(Material shown)
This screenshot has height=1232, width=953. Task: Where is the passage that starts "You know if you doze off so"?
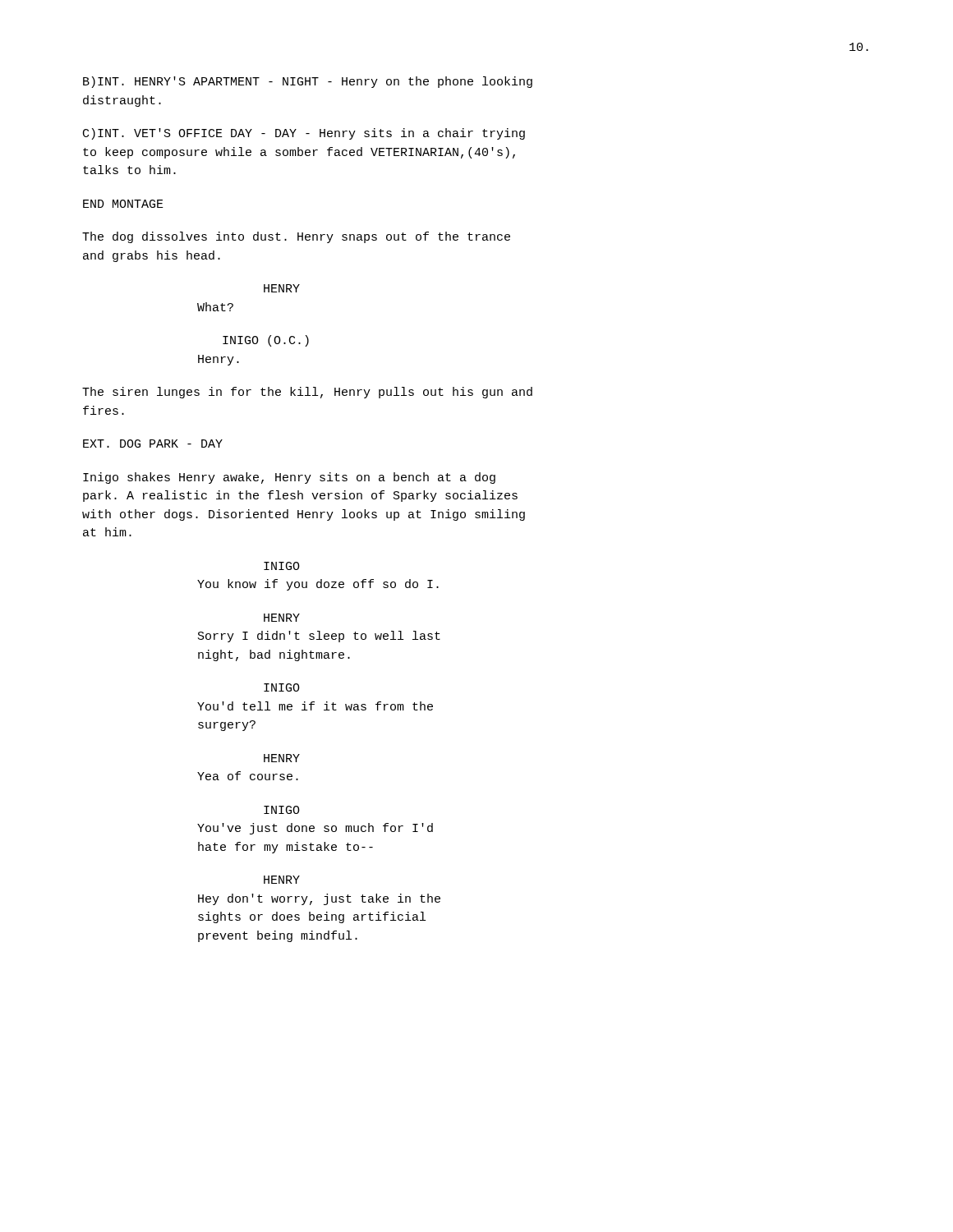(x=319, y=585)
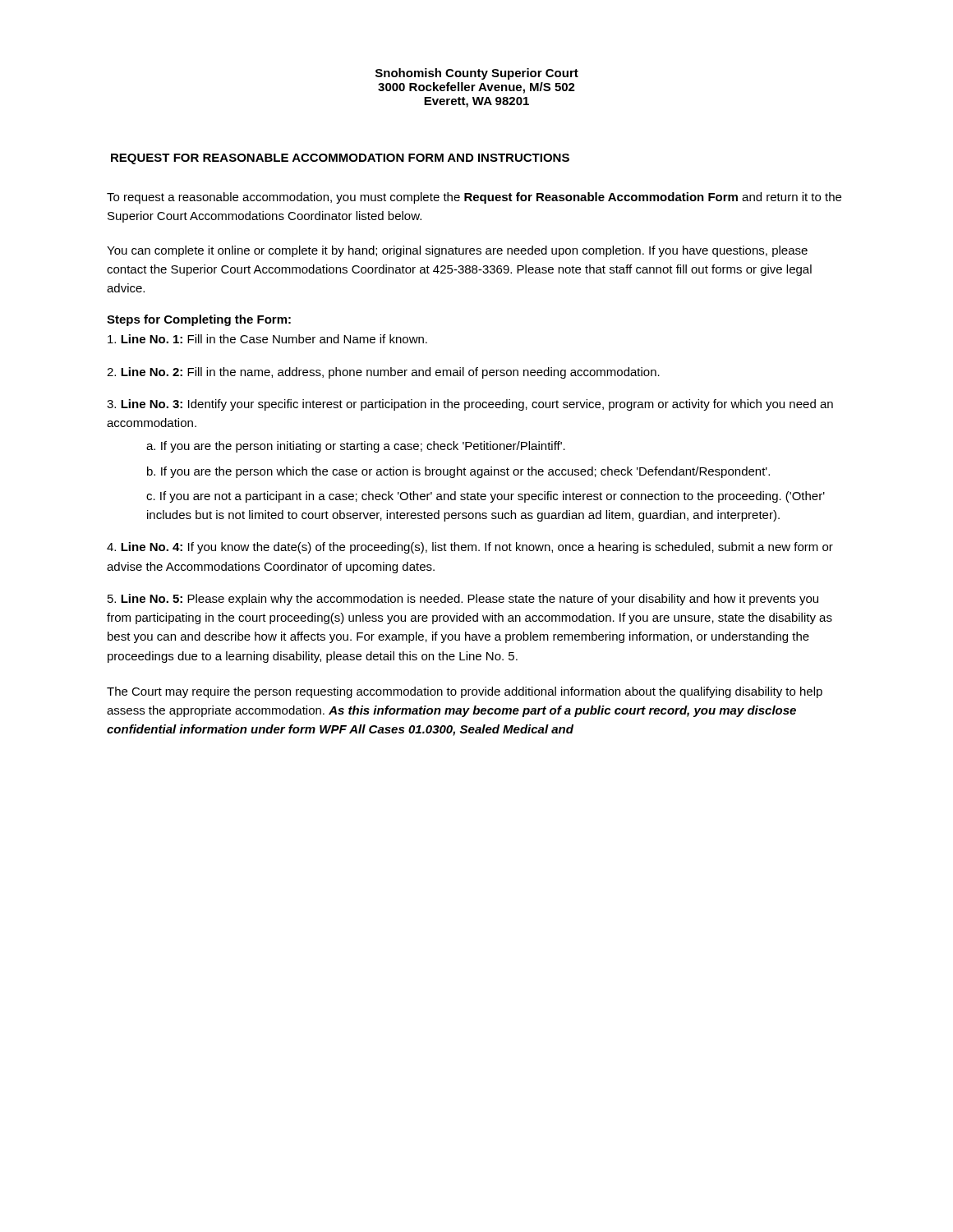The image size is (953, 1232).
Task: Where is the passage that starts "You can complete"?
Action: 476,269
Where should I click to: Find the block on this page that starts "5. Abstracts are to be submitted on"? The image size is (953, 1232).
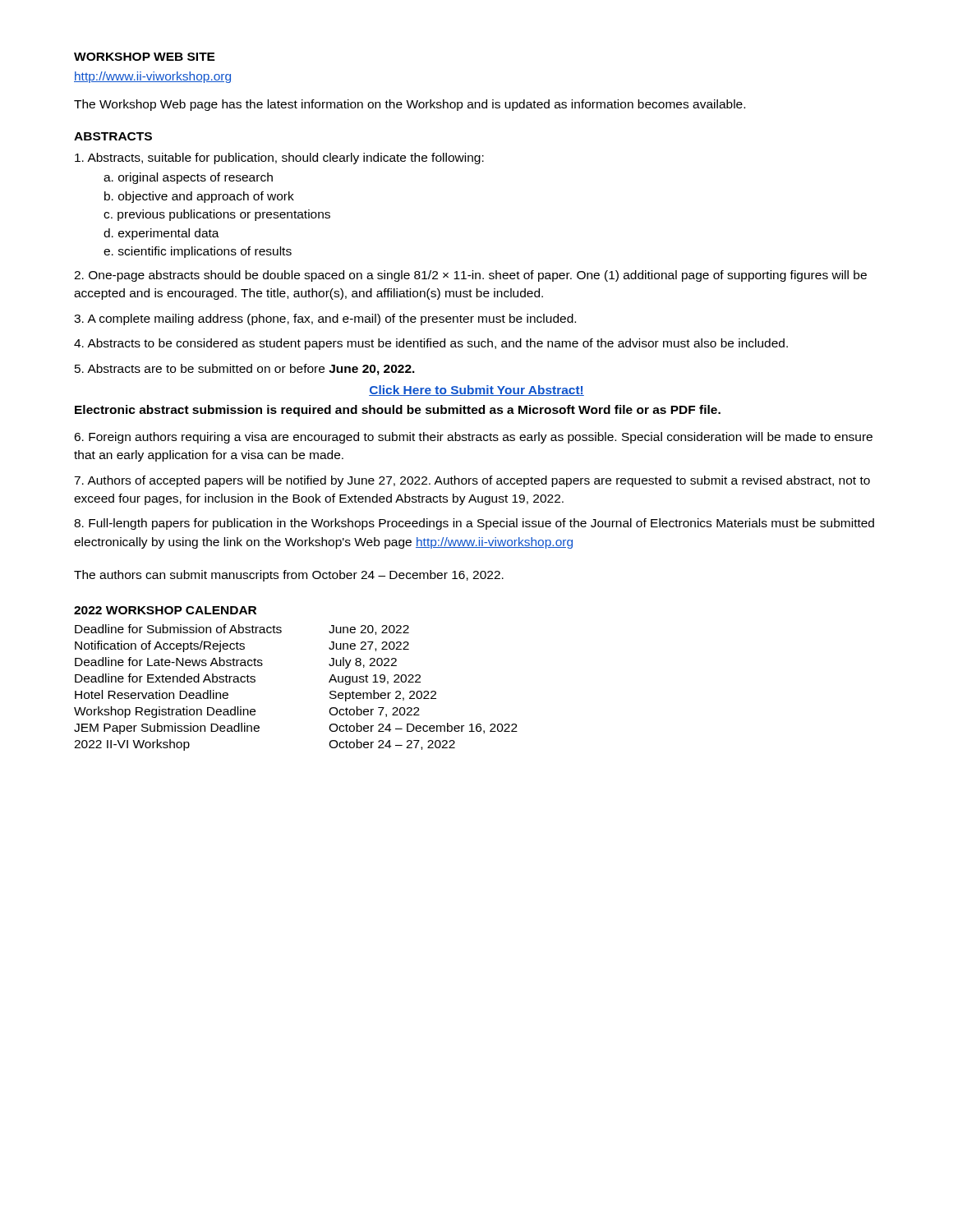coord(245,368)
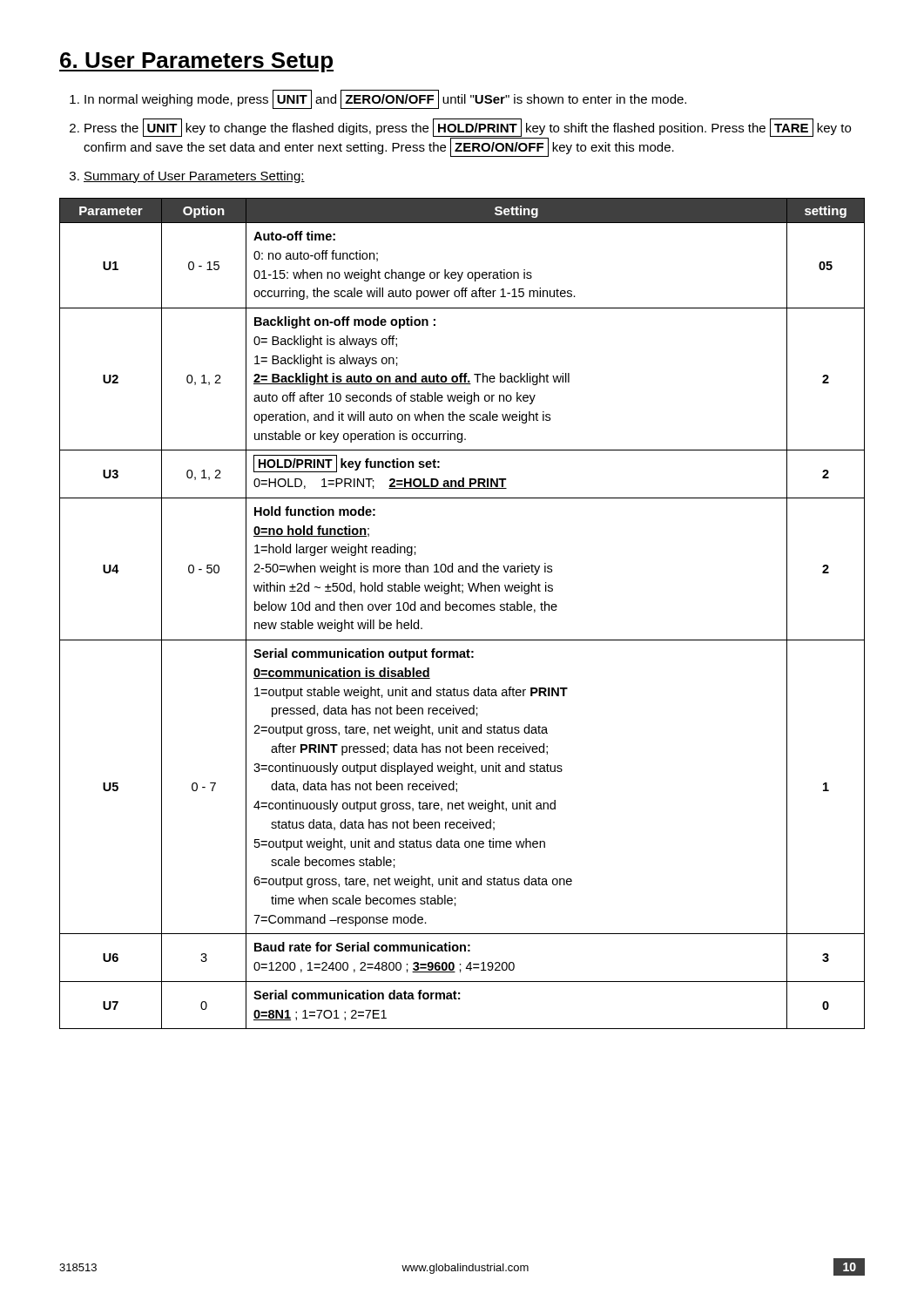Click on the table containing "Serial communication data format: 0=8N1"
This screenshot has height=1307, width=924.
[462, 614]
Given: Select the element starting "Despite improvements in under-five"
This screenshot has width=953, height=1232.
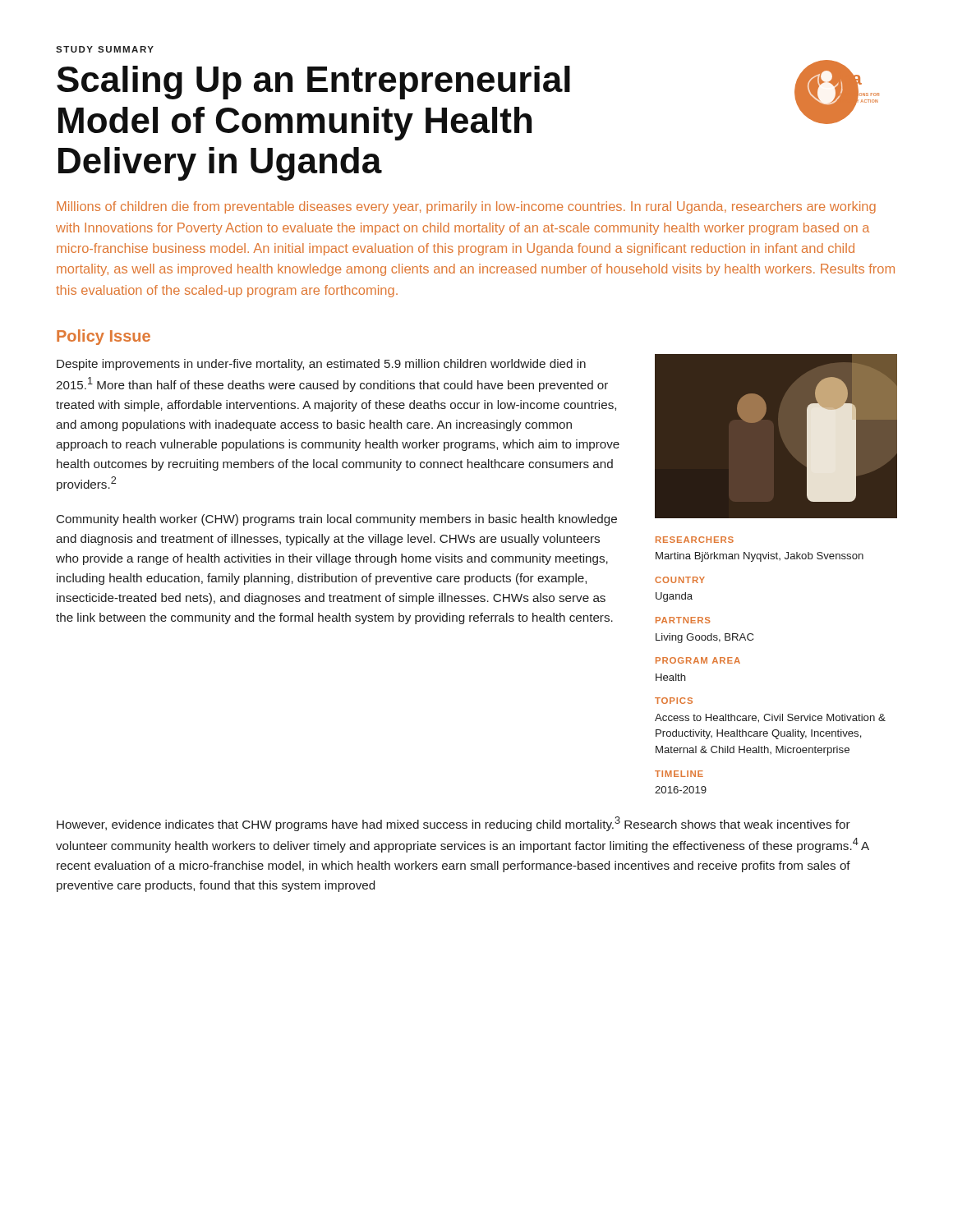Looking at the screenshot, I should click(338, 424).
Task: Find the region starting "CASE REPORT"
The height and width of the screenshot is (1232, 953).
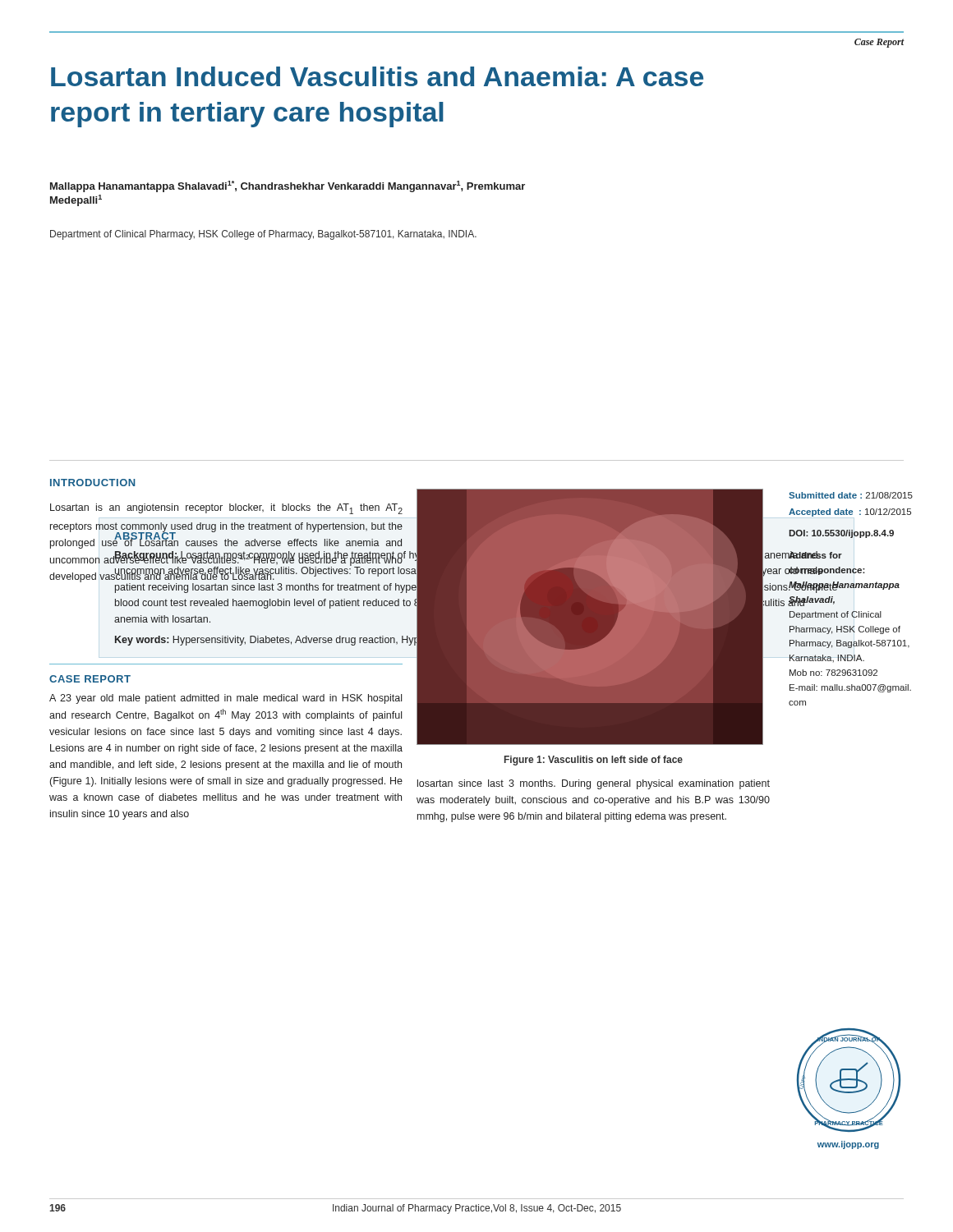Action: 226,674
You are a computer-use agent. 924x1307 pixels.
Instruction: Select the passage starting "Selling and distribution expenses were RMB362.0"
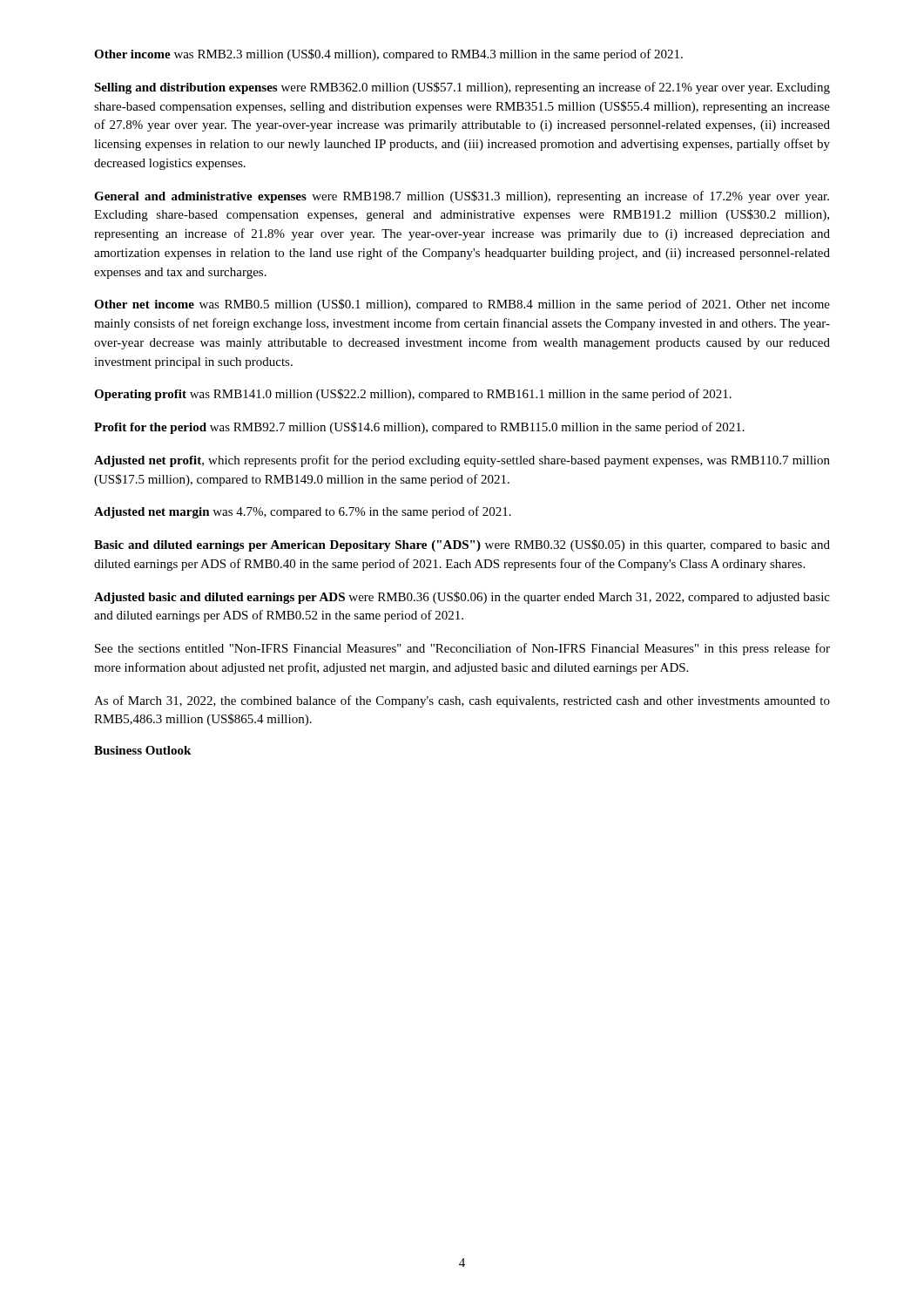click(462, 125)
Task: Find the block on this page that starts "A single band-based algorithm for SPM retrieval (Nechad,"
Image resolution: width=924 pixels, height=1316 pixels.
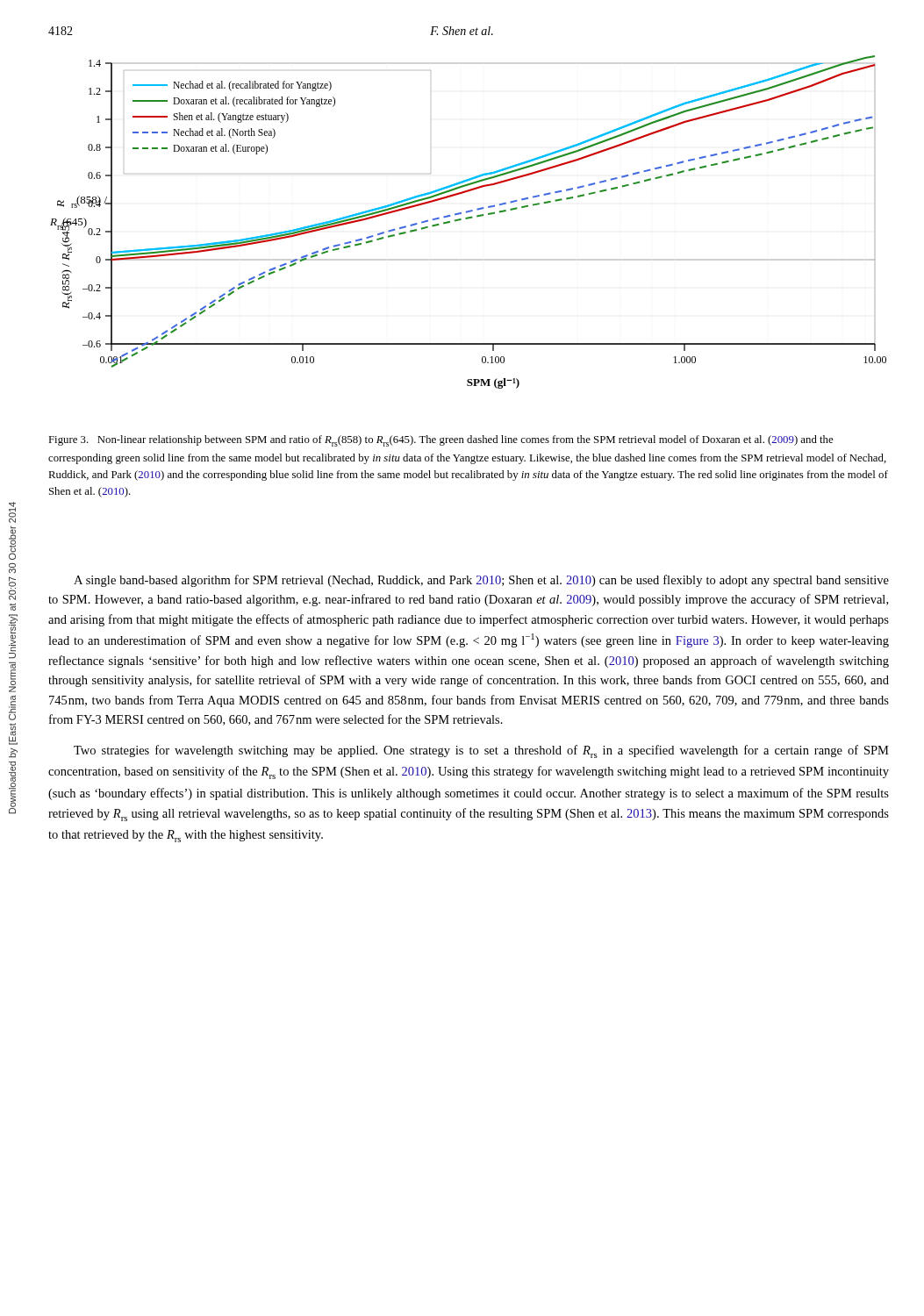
(End Material shown)
◆ Problem to solve
Please set down the records above verbatim, with each picture left out.

◆ Result of the exercise
This screenshot has height=1232, width=953. Task: Where is the passage that starts "You know if you doze off so"?
(x=319, y=585)
The image size is (953, 1232).
Task: Where is the passage that starts "You can complete"?
Action: 476,269
Where should I click to: Find the block on this page that starts "5. Abstracts are to be submitted on"? The image size is (953, 1232).
coord(245,368)
Click on the table containing "Serial communication data format: 0=8N1"
This screenshot has height=1307, width=924.
[462, 614]
Given: Select the element starting "Despite improvements in under-five"
This screenshot has width=953, height=1232.
Looking at the screenshot, I should click(338, 424).
Task: Find the region starting "CASE REPORT"
The height and width of the screenshot is (1232, 953).
Action: 226,674
You are a computer-use agent. 924x1307 pixels.
Instruction: Select the passage starting "Selling and distribution expenses were RMB362.0"
click(462, 125)
Task: Find the block on this page that starts "A single band-based algorithm for SPM retrieval (Nechad,"
Image resolution: width=924 pixels, height=1316 pixels.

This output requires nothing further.